LinkedIn recently announced that it will be rebranded its editorial team as LinkedIn News.
The LinkedIn News team, which is comprised of 75 employees in 15 different regions, will not only post business updates, but will also start managing the platform’s Trending News section, the Daily Rundown, and LinkedIn Lists.
According to the team’s about page, they will be sharing news from “every industry and business from health care and frontline workers to venture capital, financial services, and tech to small business owners,” to help deliver more personalized news to a multitude of companies and individual users.
Having actual employees curating and sharing news from all of these different industries will allow the LinkedIn News team to work on achieving its mission:
“giving professionals the news and views they need now to stay informed and to build their voices and to help members connect with this content that reinforces our work as a trusted professional news brand while communicating the value we bring to you and the community."

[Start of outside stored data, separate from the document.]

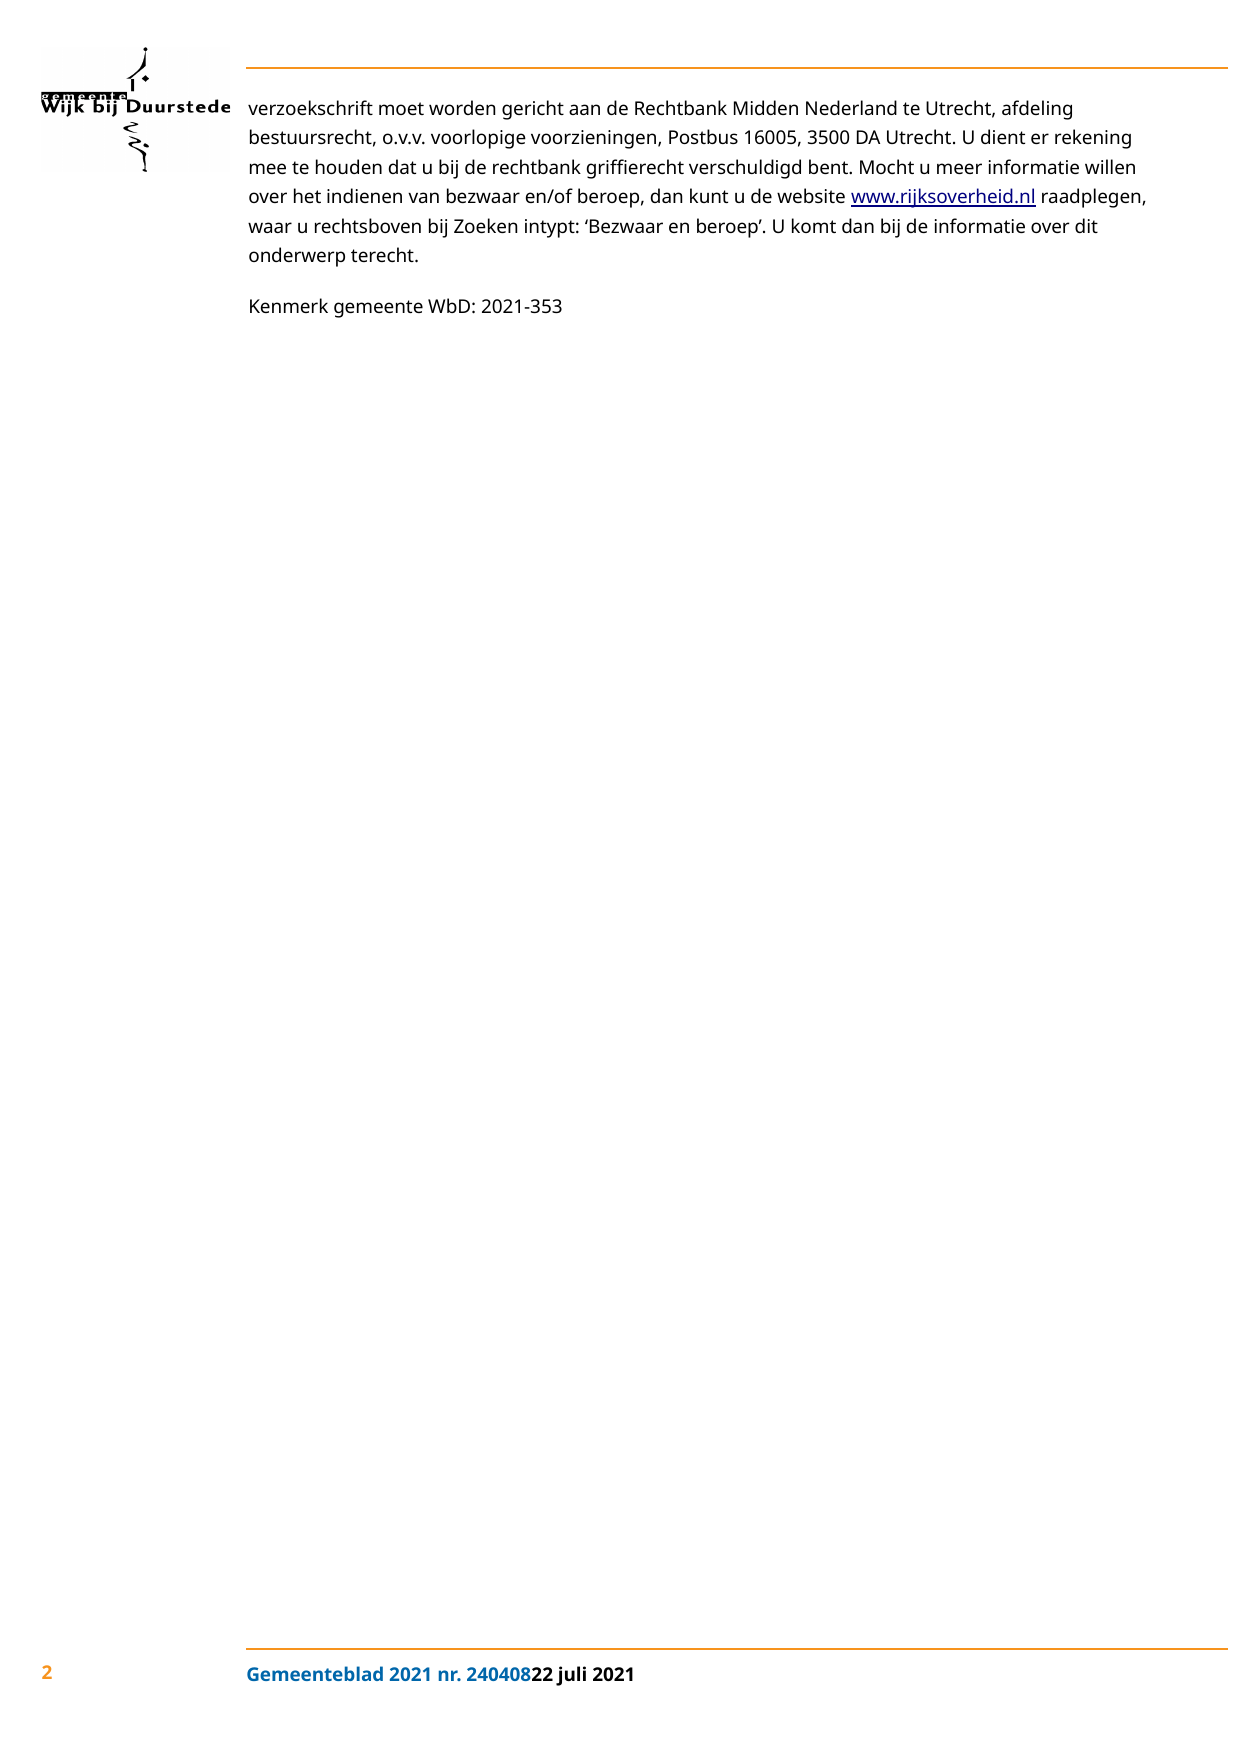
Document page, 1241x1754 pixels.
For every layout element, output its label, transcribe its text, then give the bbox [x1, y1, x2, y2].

text verzoekschrift moet worden gericht aan de Rechtbank Midden Nederland te Utrecht, afdeling bestuursrecht, o.v.v. voorlopige voorzieningen, Postbus 16005, 3500 DA Utrecht. U dient er rekening mee te houden dat u bij de rechtbank griffierecht verschuldigd bent. Mocht u meer informatie willen over het indienen van bezwaar en/of beroep, dan kunt u de website www.rijksoverheid.nl raadplegen, waar u rechtsboven bij Zoeken intypt: ‘Bezwaar en beroep’. U komt dan bij de informatie over dit onderwerp terecht. [248, 95, 1152, 268]
picture [41, 47, 231, 172]
text Kenmerk gemeente WbD: 2021-353 [248, 293, 1152, 319]
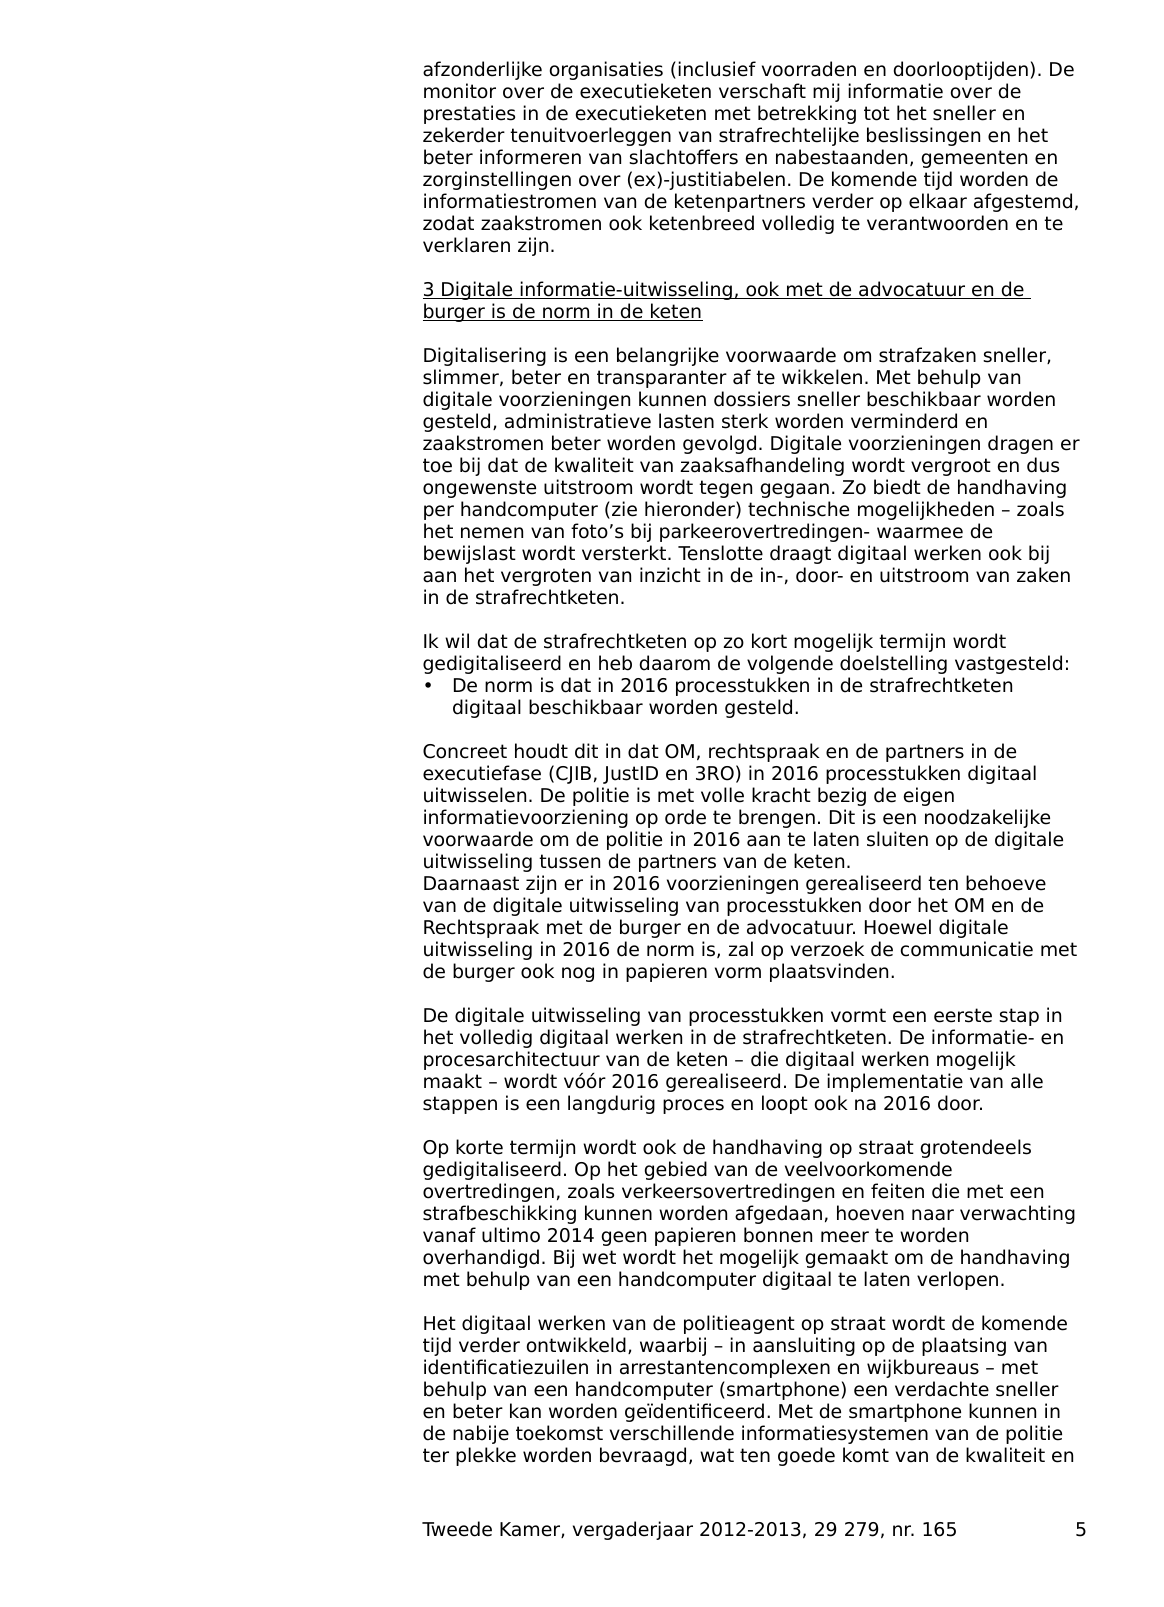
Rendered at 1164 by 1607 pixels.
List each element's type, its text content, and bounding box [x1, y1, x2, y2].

text afzonderlijke organisaties (inclusief voorraden en doorlooptijden). De monitor over de executieketen verschaft mij informatie over de prestaties in de executieketen met betrekking tot het sneller en zekerder tenuitvoerleggen van strafrechtelijke beslissingen en het beter informeren van slachtoffers en nabestaanden, gemeenten en zorginstellingen over (ex)-justitiabelen. De komende tijd worden de informatiestromen van de ketenpartners verder op elkaar afgestemd, zodat zaakstromen ook ketenbreed volledig te verantwoorden en te verklaren zijn. [422, 59, 1087, 257]
text Daarnaast zijn er in 2016 voorzieningen gerealiseerd ten behoeve van de digitale uitwisseling van processtukken door het OM en de Rechtspraak met de burger en de advocatuur. Hoewel digitale uitwisseling in 2016 de norm is, zal op verzoek de communicatie met de burger ook nog in papieren vorm plaatsvinden. [422, 873, 1087, 983]
text Ik wil dat de strafrechtketen op zo kort mogelijk termijn wordt gedigitaliseerd en heb daarom de volgende doelstelling vastgesteld: [422, 631, 1087, 675]
text Op korte termijn wordt ook de handhaving op straat grotendeels gedigitaliseerd. Op het gebied van de veelvoorkomende overtredingen, zoals verkeersovertredingen en feiten die met een strafbeschikking kunnen worden afgedaan, hoeven naar verwachting vanaf ultimo 2014 geen papieren bonnen meer te worden overhandigd. Bij wet wordt het mogelijk gemaakt om de handhaving met behulp van een handcomputer digitaal te laten verlopen. [422, 1137, 1087, 1291]
text Digitalisering is een belangrijke voorwaarde om strafzaken sneller, slimmer, beter en transparanter af te wikkelen. Met behulp van digitale voorzieningen kunnen dossiers sneller beschikbaar worden gesteld, administratieve lasten sterk worden verminderd en zaakstromen beter worden gevolgd. Digitale voorzieningen dragen er toe bij dat de kwaliteit van zaaksafhandeling wordt vergroot en dus ongewenste uitstroom wordt tegen gegaan. Zo biedt de handhaving per handcomputer (zie hieronder) technische mogelijkheden – zoals het nemen van foto’s bij parkeerovertredingen- waarmee de bewijslast wordt versterkt. Tenslotte draagt digitaal werken ook bij aan het vergroten van inzicht in de in-, door- en uitstroom van zaken in de strafrechtketen. [422, 345, 1087, 609]
text Concreet houdt dit in dat OM, rechtspraak en de partners in de executiefase (CJIB, JustID en 3RO) in 2016 processtukken digitaal uitwisselen. De politie is met volle kracht bezig de eigen informatievoorziening op orde te brengen. Dit is een noodzakelijke voorwaarde om de politie in 2016 aan te laten sluiten op de digitale uitwisseling tussen de partners van de keten. [422, 741, 1087, 873]
text Het digitaal werken van de politieagent op straat wordt de komende tijd verder ontwikkeld, waarbij – in aansluiting op de plaatsing van identificatiezuilen in arrestantencomplexen en wijkbureaus – met behulp van een handcomputer (smartphone) een verdachte sneller en beter kan worden geïdentificeerd. Met de smartphone kunnen in de nabije toekomst verschillende informatiesystemen van de politie ter plekke worden bevraagd, wat ten goede komt van de kwaliteit en [422, 1313, 1087, 1467]
text • De norm is dat in 2016 processtukken in de strafrechtketen digitaal beschikbaar worden gesteld. [422, 675, 1087, 719]
subtitle 3 Digitale informatie-uitwisseling, ook met de advocatuur en de burger is de norm in de keten [422, 279, 1087, 323]
text De digitale uitwisseling van processtukken vormt een eerste stap in het volledig digitaal werken in de strafrechtketen. De informatie- en procesarchitectuur van de keten – die digitaal werken mogelijk maakt – wordt vóór 2016 gerealiseerd. De implementatie van alle stappen is een langdurig proces en loopt ook na 2016 door. [422, 1005, 1087, 1115]
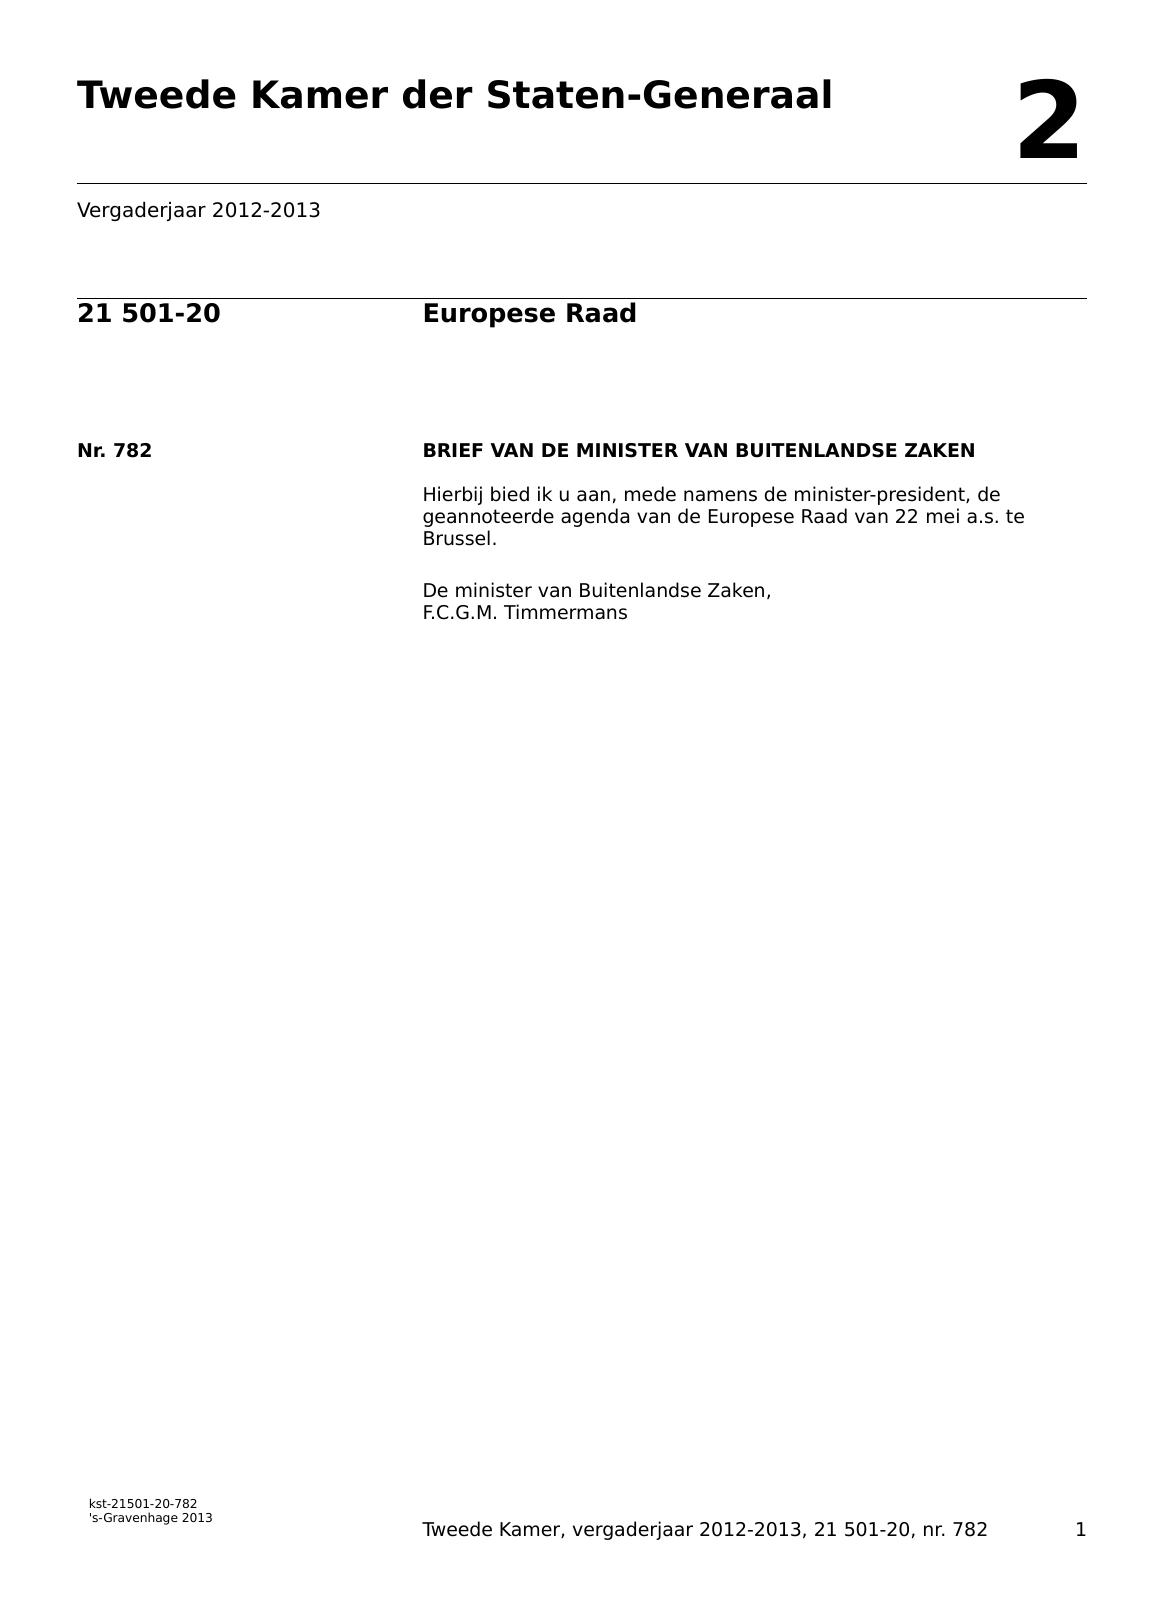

Is LinkedIn leading the way on more personalized business news feeds?
Over the past couple of years LinkedIn has put an immense amount of work into build an impressive global team of editors who bring with them previous experience at publications such as Forbes, Fortune, Bloomberg, The Wall Street Journal, and more.
LinkedIn has invested time and money into creating this piece of its platform, and it seems to be working, yielding significant growth in content impressions and engagement.
Not only is LinkedIn increasing engagement and content creation, but as a brand it’s becoming warmer and more inclusive. LinkedIn feeds have started to include more real stories by real people, and the platform boasts updated design features to add warmth, making it more accessible to everyone in the job market or interested in professional growth.
While other major social media platforms like Facebook and Instagram use machine learning to determine what news stories are trending, it sometimes doesn’t work as it should.
Machine learning simply doesn’t have the same effect as an actual human fact-checking to ensure that only real and relevant news is being shared.
For example, Instagram’s Explore page, which is filled with pictures that users likely to be interested in based on past clicks, likes, and engagement, faced backlash when a bug in the system caused everyone’s Explore page to show nature photos rather than content that was actually relevant.
When you put trust into machines and algorithms to curate personalized content, you’re likely to run into technical issues that may affect your entire audience.
With the LinkedIn rebrand to LinkedIn News, the platform is removing some of these issues and making sure you’re seeing more personalized news, trends, and insights directly from a team of real editors.
These individuals are making sure they’re showing very specific stories directly related to specific groups of users and their business. It’s not clear how much machine-learning, if any, is being used, but it’s clear that LinkedIn is making sure users see the most relevant and interesting stories in their news feed.
Although no big changes to their advertising platform have been announced, it’s clear to see the direction LinkedIn is moving — and we can imagine ads will follow suit. With your newsfeed being more personalized, it’s likely we’ll see advertising becoming more personalized as well.